The United National Environmental Program suggests that carbon markets refer to a diverse set of systems that are regulated in different jurisdictions for trading GHG pollution rights. Despite being the lowest emitter globally, Africa remains committed to reducing emissions and mitigating climate change. Africa serves to significantly benefit from a carbon market, with its abundant renewable resources requiring significant capital injections for effective development. With the continent still relying heavily on its oil and gas, a carbon market will enable the continued exploitation of these resources while directing finance raised through the carbon market towards the renewable energy sector. Accordingly, the continent will be able to accelerate renewable energy growth while maximizing on the benefits associated with oil and gas.

Some of the primary challenges hindering the establishment and implementation of an African carbon market concerns lack of political will, ineffective regulatory oversight, and the complexity associated with carbon markets. Speaking at the Ninth Conference on Climate Change and Development in Africa in a panel discussion on carbon markets in Africa, Gareth Philips, Manager of the climate finance division, African Development Bank, Cote D’Ivoire, stated that “There is difficulty in creating carbon markets in Africa, and there are things that need to be considered to make it effective. The first is liquidity and scale, and the second concerns the complexity of markets and capacity that is required among participants and regulators.”

What’s more, unless implemented effectively and with transparent regulatory oversight, carbon markets could essentially create a loophole for high emitting markets. Effective and collaborative regulation is therefore, a critical component to the success of carbon markets in Africa, and remains one of the most significant challenges.

“Africa needs to have a market that is dependable, where there is trust regarding issues of verification and the following up of transactions. The continent needs a framework that is transparent and part of a larger framework, not operating in isolation. We need to deal with economic and non-economic obstacles that may block the application of a carbon market,” stated Nassim Oulmane, Senior Economist, United Nations Economic Commission for Africa.

However, despite the lack of carbon markets in Africa, some countries have made notable progress to reduce emissions through implemented policies and tax requirements. Notably, South Africa, through its implemented carbon tax – at a rate of R127 per CO₂ equivalent emitted – aims to reduce emissions by making it more expensive to emit GHG. Despite successfully reducing emissions, the carbon tax has created new challenges regarding the timing of taxation, policy certainty, as well as costs of electricity.

“The carbon tax approach is being used in South Africa. In Africa, there needs to be both political and administrative will. We have seen issues regarding the impact of carbon tax on electricity prices, issues to do with long-term policies and timing of tax, issues regarding the lack of policy certainty, and issues regarding revenue recycling. These issues represent the challenges that Africa faces in general and the reasons why carbon markets have not taken off across the continent,” stated Pemy Gasela, Director of International Climate Change, Department of Forestry, South Africa.

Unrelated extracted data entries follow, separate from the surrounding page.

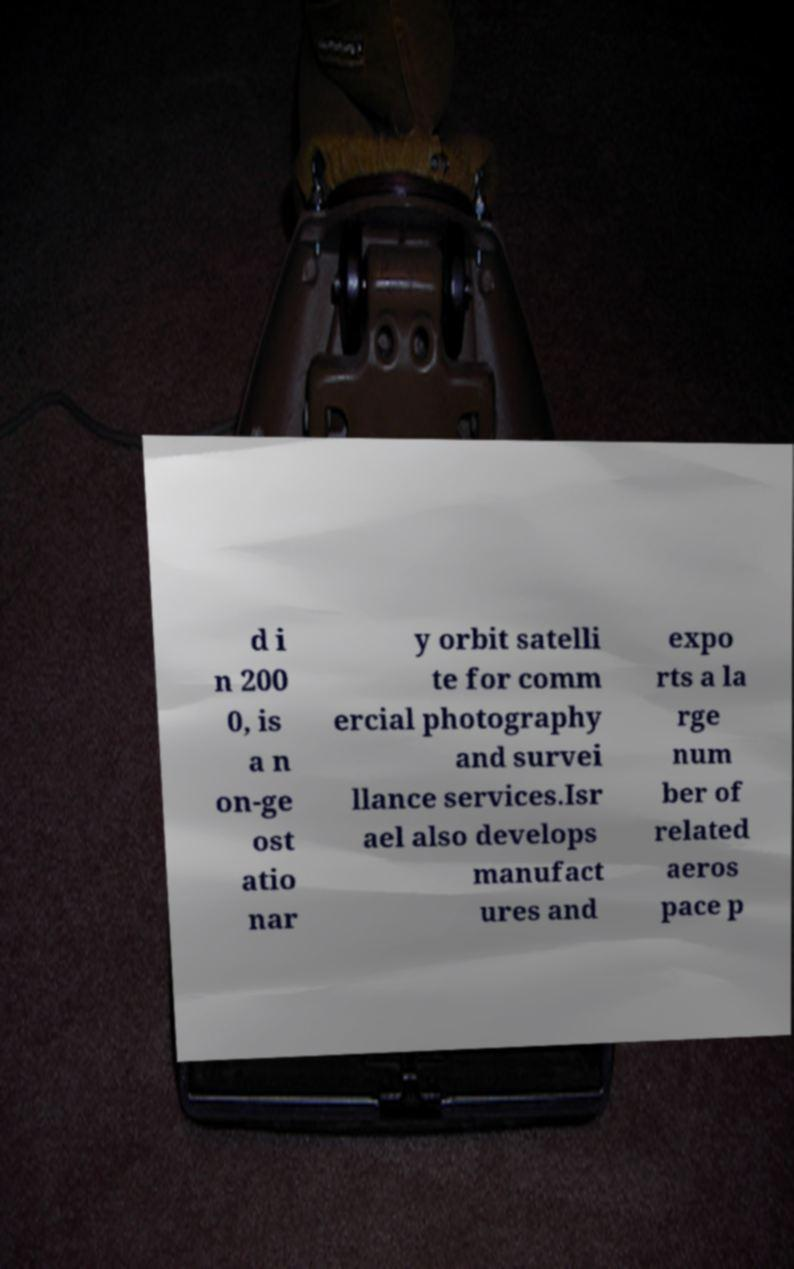I need the written content from this picture converted into text. Can you do that? d i n 200 0, is a n on-ge ost atio nar y orbit satelli te for comm ercial photography and survei llance services.Isr ael also develops manufact ures and expo rts a la rge num ber of related aeros pace p 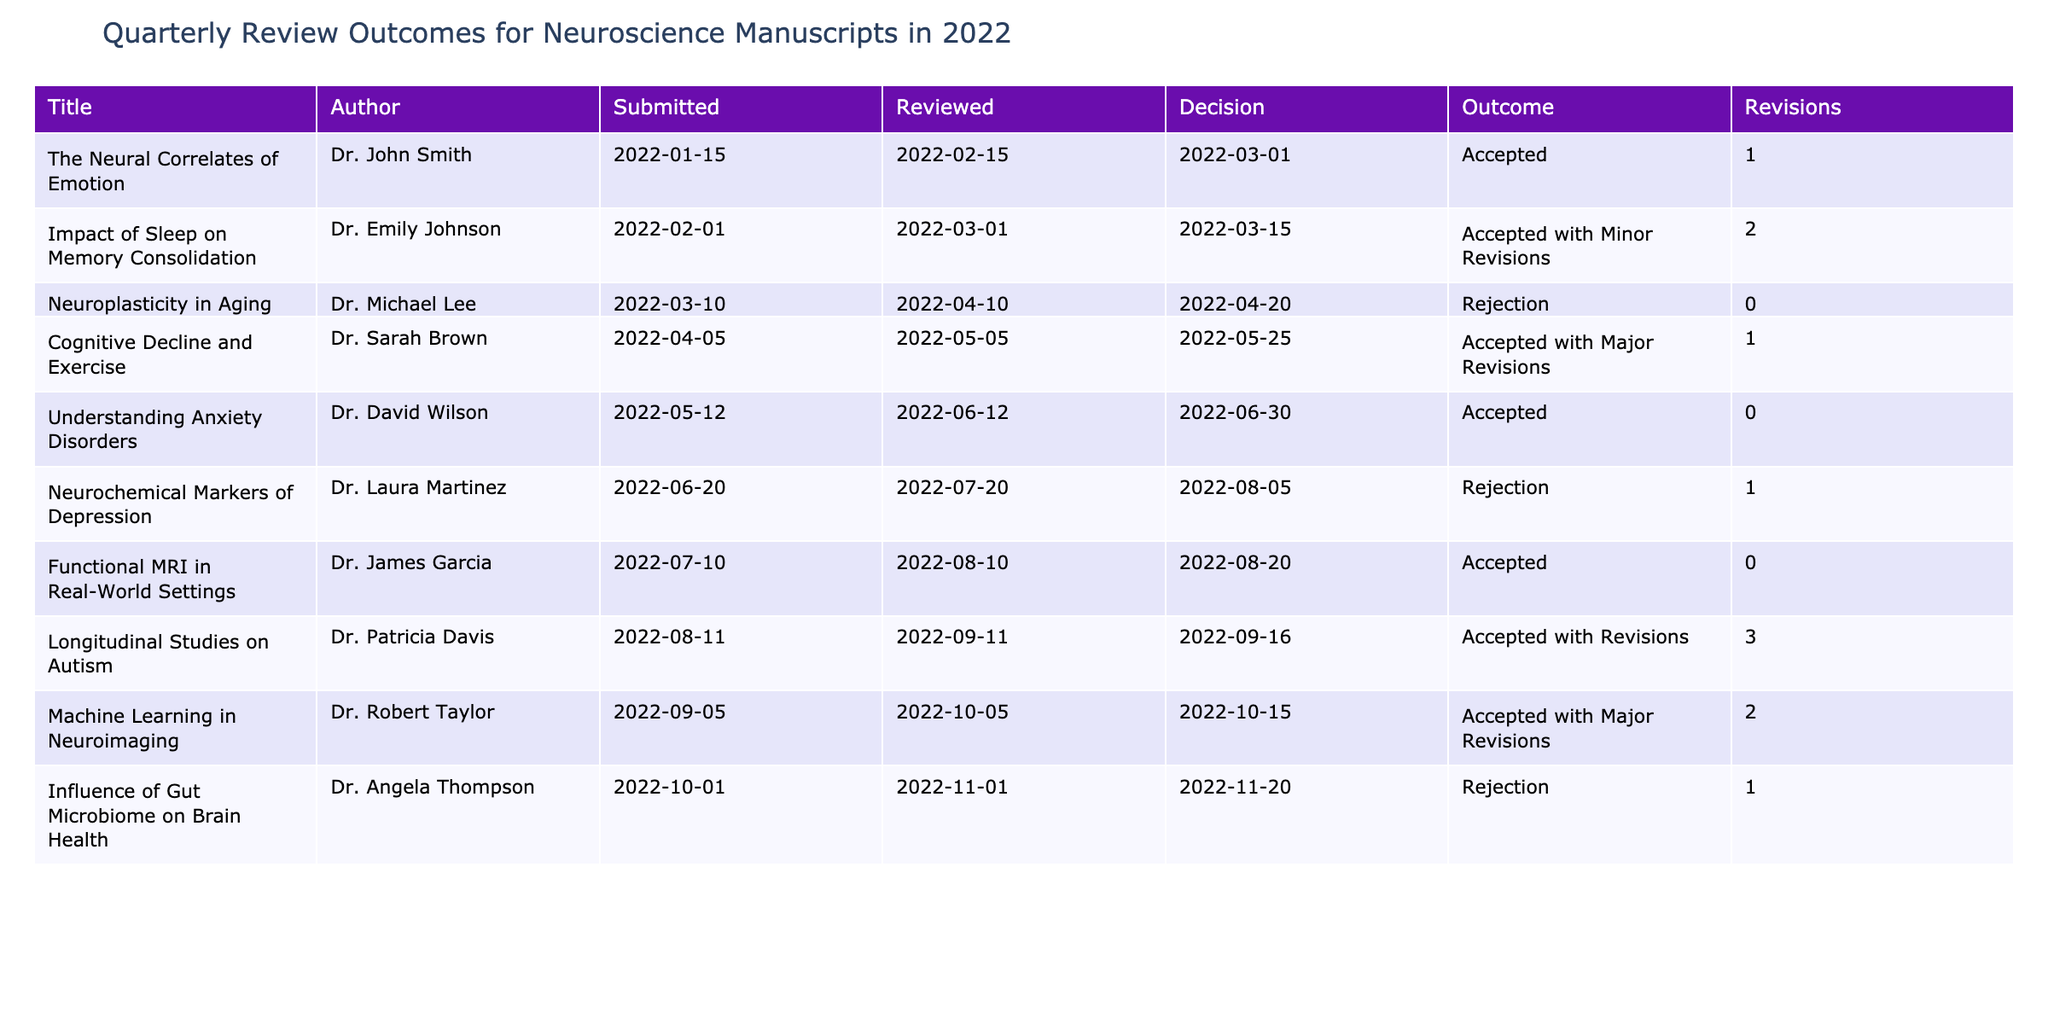What is the outcome of "The Neural Correlates of Emotion"? The table shows that the outcome for "The Neural Correlates of Emotion" by Dr. John Smith is listed as "Accepted."
Answer: Accepted How many manuscripts were accepted with minor revisions? Examining the table, "Impact of Sleep on Memory Consolidation" and "Longitudinal Studies on Autism" are the only manuscripts that fall under the category of "Accepted with Minor Revisions," which totals to two papers.
Answer: 2 Did Dr. Michael Lee's manuscript receive any revisions before rejection? According to the table, "Neuroplasticity in Aging" was rejected and has a revision count of 0, indicating that no revisions were made before the rejection decision.
Answer: No What is the ratio of accepted manuscripts to rejected manuscripts? From the table, there are five accepted manuscripts ("The Neural Correlates of Emotion," "Impact of Sleep on Memory Consolidation," "Understanding Anxiety Disorders," "Functional MRI in Real-World Settings," and "Machine Learning in Neuroimaging") and four rejected manuscripts ("Neuroplasticity in Aging," "Neurochemical Markers of Depression," and "Influence of Gut Microbiome on Brain Health"). Thus, the ratio is 5:4.
Answer: 5:4 How many revisions were made in total for all manuscripts? By summing the "Revise_Count" from the table: 1 (for "The Neural Correlates of Emotion") + 2 (for "Impact of Sleep on Memory Consolidation") + 1 (for "Cognitive Decline and Exercise") + 0 (for "Understanding Anxiety Disorders") + 1 (for "Neurochemical Markers of Depression") + 3 (for "Longitudinal Studies on Autism") + 2 (for "Machine Learning in Neuroimaging") = 10. Therefore, the total number of revisions is 10.
Answer: 10 Which author had the most revisions, and how many were there? Looking through the table, Dr. Patricia Davis had the most revisions with a total of 3 for the manuscript "Longitudinal Studies on Autism." This is higher than any other author listed in the table.
Answer: Dr. Patricia Davis, 3 revisions

Similarly, Kenya has been making notable progress to implement policies aimed at reducing emissions across multiple sectors. Still in the deliberations and consultation stage with stakeholders, Kenya’s carbon tax has taken lessons from South Africa, with the concept comprising a major step towards a clean energy future.

“Kenya has brought the concept of a carbon tax forward and we are talking it through with stakeholders through consultations. What I have seen, however, is that the private sector has to play their role. We need to find a way in which to do business, a way that the private sector finds it worthwhile. There needs to be a business opportunity in climate change and an identified business motive,” stated Dr. Julius Muia, Principal Secretary, The National Treasury of Kenya.

Despite the notable benefits of a carbon market in Africa, the continent still has a long way to go before the concept can be effectively established and implemented. As stakeholders move towards a renewable energy future, and countries make significant progress to reduce emissions, an African carbon market could not only ensure cleaner energy processes, but help drive the creation of a sustainable renewable energy sector.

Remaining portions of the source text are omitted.